Given a string s, return the number of distinct non-empty subsequences of s
. Since the answer may be very large, return it modulo 10^9 + 7
.
A subsequence of a string is a new string that is formed from the original string by deleting some (can be none) of the characters without disturbing the relative positions of the remaining characters. (i.e., "ace"
is a subsequence of "abcde"
while "aec"
is not.
Example 1:
Input: s = "abc"
Output: 7
Explanation: The 7 distinct subsequences are "a", "b", "c", "ab", "ac", "bc", and "abc".
Example 2:
Input: s = "aba"
Output: 6
Explanation: The 6 distinct subsequences are "a", "b", "ab", "aa", "ba", and "aba".
Example 3:
Input: s = "aaa"
Output: 3
Explanation: The 3 distinct subsequences are "a", "aa" and "aaa".
Constraints:
1 <= s.length <= 2000
s
consists of lowercase English letters.
Problem Analysis:
We can use dynamic programming to solve this problem. When we iterate the string, we record number of distinct subsequences which end with ith character.

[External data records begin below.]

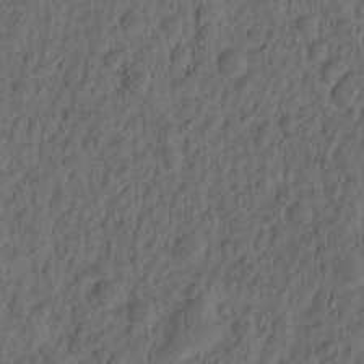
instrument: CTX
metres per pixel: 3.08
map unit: eHh
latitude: -2.0472
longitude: 16.9542
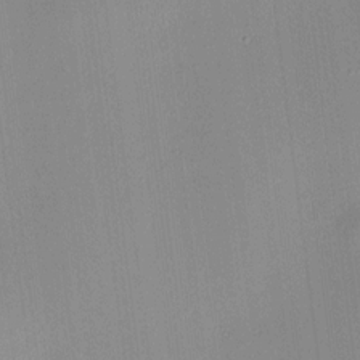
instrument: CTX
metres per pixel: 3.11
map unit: HNhu
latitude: 8.5735
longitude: 13.1431
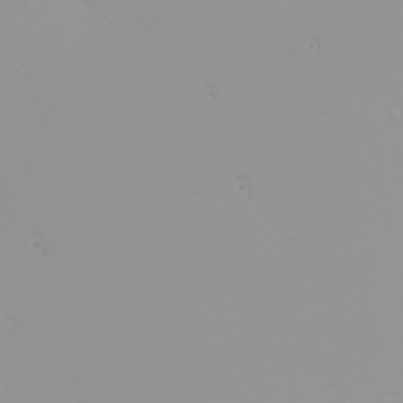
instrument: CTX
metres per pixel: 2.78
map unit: Nhu
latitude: -0.1039
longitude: -75.8394
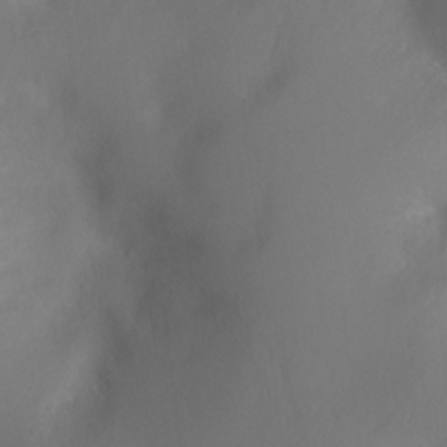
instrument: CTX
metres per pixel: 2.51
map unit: Ht
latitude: -0.1984
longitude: -46.1011
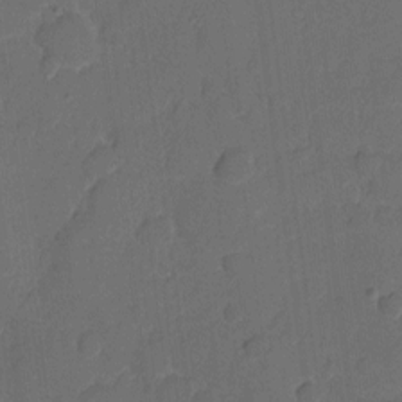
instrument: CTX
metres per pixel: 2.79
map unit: eHh
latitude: 5.4426
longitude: -65.4615
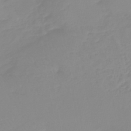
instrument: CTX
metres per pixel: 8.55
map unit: lHb
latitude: -44.7652
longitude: 54.5952
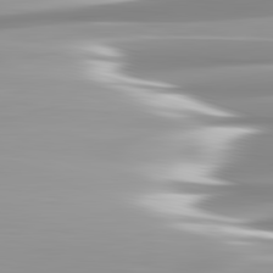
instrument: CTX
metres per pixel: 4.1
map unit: lApd
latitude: 82.7435
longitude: -138.1956
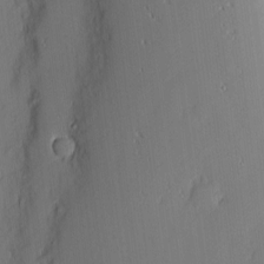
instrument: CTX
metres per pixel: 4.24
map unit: Nhu
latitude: 3.4237
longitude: -76.0633
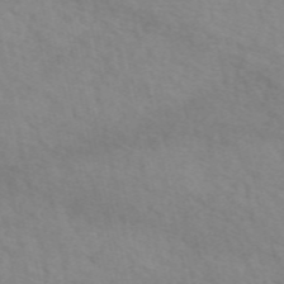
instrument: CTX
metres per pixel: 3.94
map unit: eAb
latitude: 51.1592
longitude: 107.1809
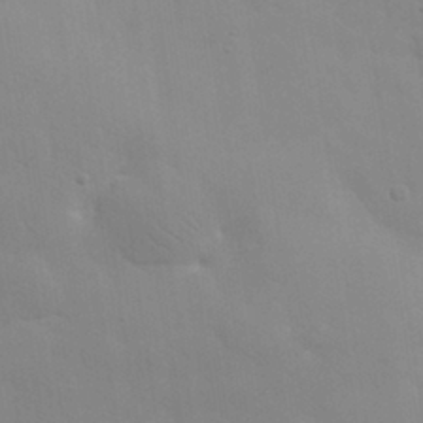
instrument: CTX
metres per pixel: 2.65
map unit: eHh
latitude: 30.9892
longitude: -70.2144
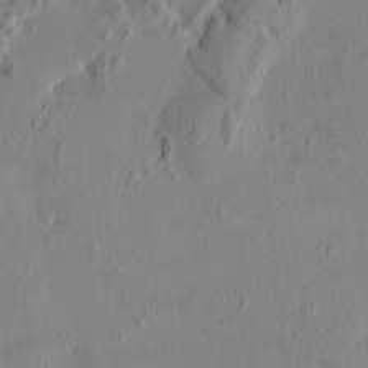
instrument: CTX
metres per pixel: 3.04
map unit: HNhu
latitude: 3.1025
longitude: -7.1214
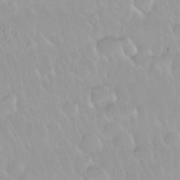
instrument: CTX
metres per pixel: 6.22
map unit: Nhu
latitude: 29.7260
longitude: -56.1955
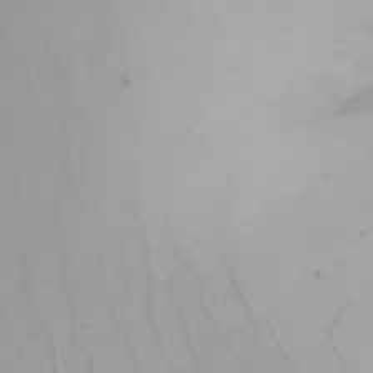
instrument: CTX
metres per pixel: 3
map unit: Nhu
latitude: -4.4818
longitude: -91.7450
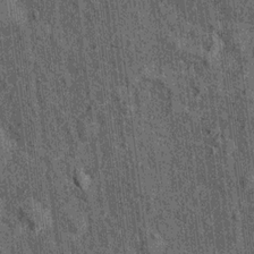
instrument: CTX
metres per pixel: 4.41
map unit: Hto
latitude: 14.9136
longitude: -35.9528
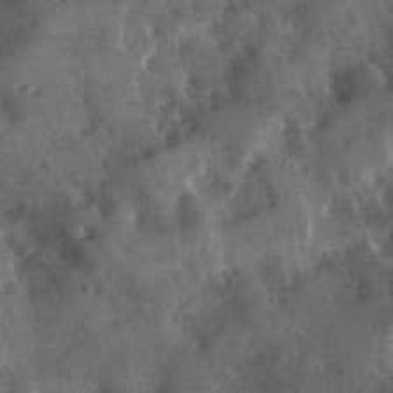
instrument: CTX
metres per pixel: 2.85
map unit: Ave
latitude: 18.0255
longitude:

When i = 0, there is only one subsequence with the first character.
If i != 0, here we assume the number of distinct subsequences in i-1 case is sum(i-1), for these subsequences, we add ith character in the end of each subsequence to form new subsequences of i case, so sum(i) = sum(i-1).
But here we still need to add 1, as we can regard the ith character as a subsequence.
We add all number of distinct subsequences in i case, then we get the answer.
Solution
class Solution {
public:
int distinctSubseqII(string s) {
const int mod = 1e9 + 7;
vector<long long> ends(26);
for (const auto ch : s)
ends[ch - 'a'] = accumulate(begin(ends), end(ends), 1LL) % mod;
return accumulate(begin(ends), end(ends), 0LL) % mod;
}
};
Time complexity is O(n)
Space complexity is O(1)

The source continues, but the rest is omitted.